Hello everyone
I have a data set with dimension of 330 * 45000 ( 330 samples and 45000 features : reads in peaks)
I am looking for a way to select best features for binary classification. so far I only chose feature with covariance
higher than 0.5 or less than -0.5 and reduced dimension to 14000. but I know I should reduce dimension furthermore , I'm not sure if I can use randomforest
at this stage, do you have any suggestions or tips?
thank you for your response it was indeed , very helpful for me. I have a question though, in the case of bigger datasets( more features) about 500,000 features and 1000 samples, what is the best preprocessing method for classification ? I'm looking for a method like variance that doesn't look to sample labels
I don't know that anything will work well on half a million features. Using variance and correlation (see here and here) is likely to be most productive.

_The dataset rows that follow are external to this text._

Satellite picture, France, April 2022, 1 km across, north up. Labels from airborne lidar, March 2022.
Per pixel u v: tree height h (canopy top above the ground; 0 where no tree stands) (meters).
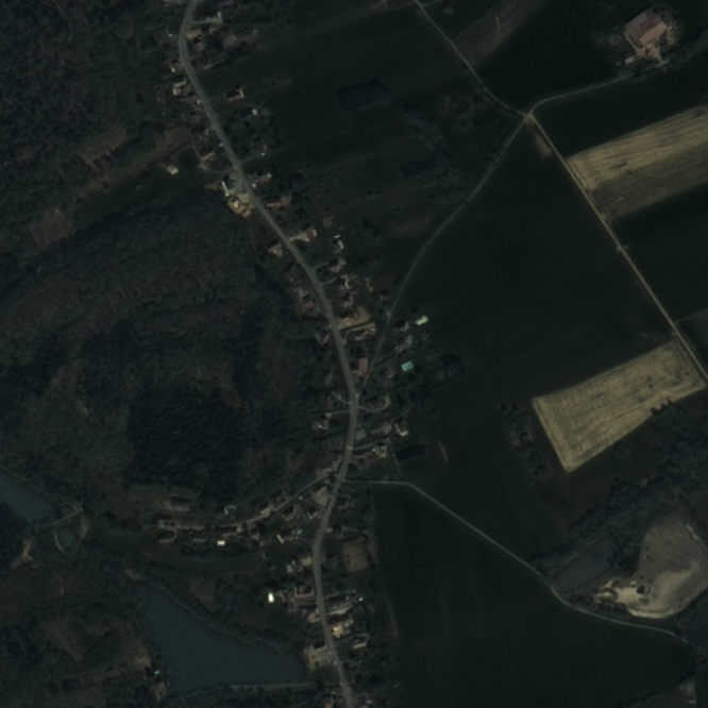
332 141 0
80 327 31
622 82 0
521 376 0
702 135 0
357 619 0
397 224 0
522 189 0
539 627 0
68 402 19
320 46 0
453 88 0
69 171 24
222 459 20
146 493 0
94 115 27
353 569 0
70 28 30
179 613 0
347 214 0
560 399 0
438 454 0
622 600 0
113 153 0
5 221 25
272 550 0
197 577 0
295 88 0
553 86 0
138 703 11
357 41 0
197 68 13
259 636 11
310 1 0
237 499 13
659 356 0
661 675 0
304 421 18
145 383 15
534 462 6
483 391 0
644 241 0
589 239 0
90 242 22
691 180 0
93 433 25
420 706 0
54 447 24
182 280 32
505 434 0
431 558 0
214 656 0
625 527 6
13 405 25
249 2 7
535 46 0
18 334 28
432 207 0
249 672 0
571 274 0
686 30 0
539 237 0
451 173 21
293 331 23
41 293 31
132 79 19
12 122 28
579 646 0
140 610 12
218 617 9
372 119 0
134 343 15
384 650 8
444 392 0
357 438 0
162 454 25
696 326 0
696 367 0
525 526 0
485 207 0
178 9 16
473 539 0
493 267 0
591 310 0
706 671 0
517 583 0
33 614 7
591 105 0
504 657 0
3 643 18
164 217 28
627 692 0
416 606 0
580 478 0
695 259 0
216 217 34
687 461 23
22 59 31
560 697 0
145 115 15
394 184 0
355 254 0
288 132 0
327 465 0
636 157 0
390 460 0
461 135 0
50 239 0
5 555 31
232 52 0
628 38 0
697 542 0
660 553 0
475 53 0
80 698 20
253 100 0
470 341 0
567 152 0
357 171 0
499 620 0
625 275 0
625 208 0
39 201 19
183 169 0
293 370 20
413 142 0
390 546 0
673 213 0
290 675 0
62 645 0
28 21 34
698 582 0
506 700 0
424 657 0
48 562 11
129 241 32
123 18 25
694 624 0
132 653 0
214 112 0
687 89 0
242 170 0
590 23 0
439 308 0
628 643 0
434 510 0
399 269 0
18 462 24
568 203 0
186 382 16
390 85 0
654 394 0
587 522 8
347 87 0
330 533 0
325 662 0
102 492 26
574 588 0
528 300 0
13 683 17
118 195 0
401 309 0
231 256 32
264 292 17
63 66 34
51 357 30
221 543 0
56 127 34
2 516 32
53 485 25
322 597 0
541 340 0
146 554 0
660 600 0
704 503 0
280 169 0
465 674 0
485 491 0
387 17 0
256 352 23
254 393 14
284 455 14
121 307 28
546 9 0
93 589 7
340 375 7
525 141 0
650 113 0
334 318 0
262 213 0
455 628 0
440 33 0
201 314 27
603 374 0
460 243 0
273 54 0
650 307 0
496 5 0
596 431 0
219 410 20
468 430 0
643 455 0

Multicolinearity between features can be determined by calculating the variance inflation factor (VIF), but that is also too slow for 500K features. I just did a quick simulation with 1000 samples and 500 features, and that still took 2 hours on a fast, 12-CPU computer. See a notebook for the VIF implementation, but I don't think that will really help you.
Maybe try something like gradient boosting that is multithreaded and can handle large datasets. More than anything, I would suggest you re-think the strategy that gives you 500K features. In other words, work on reducing the number of features before attempting to classify. Whatever measurements you are making, make fewer than half a million.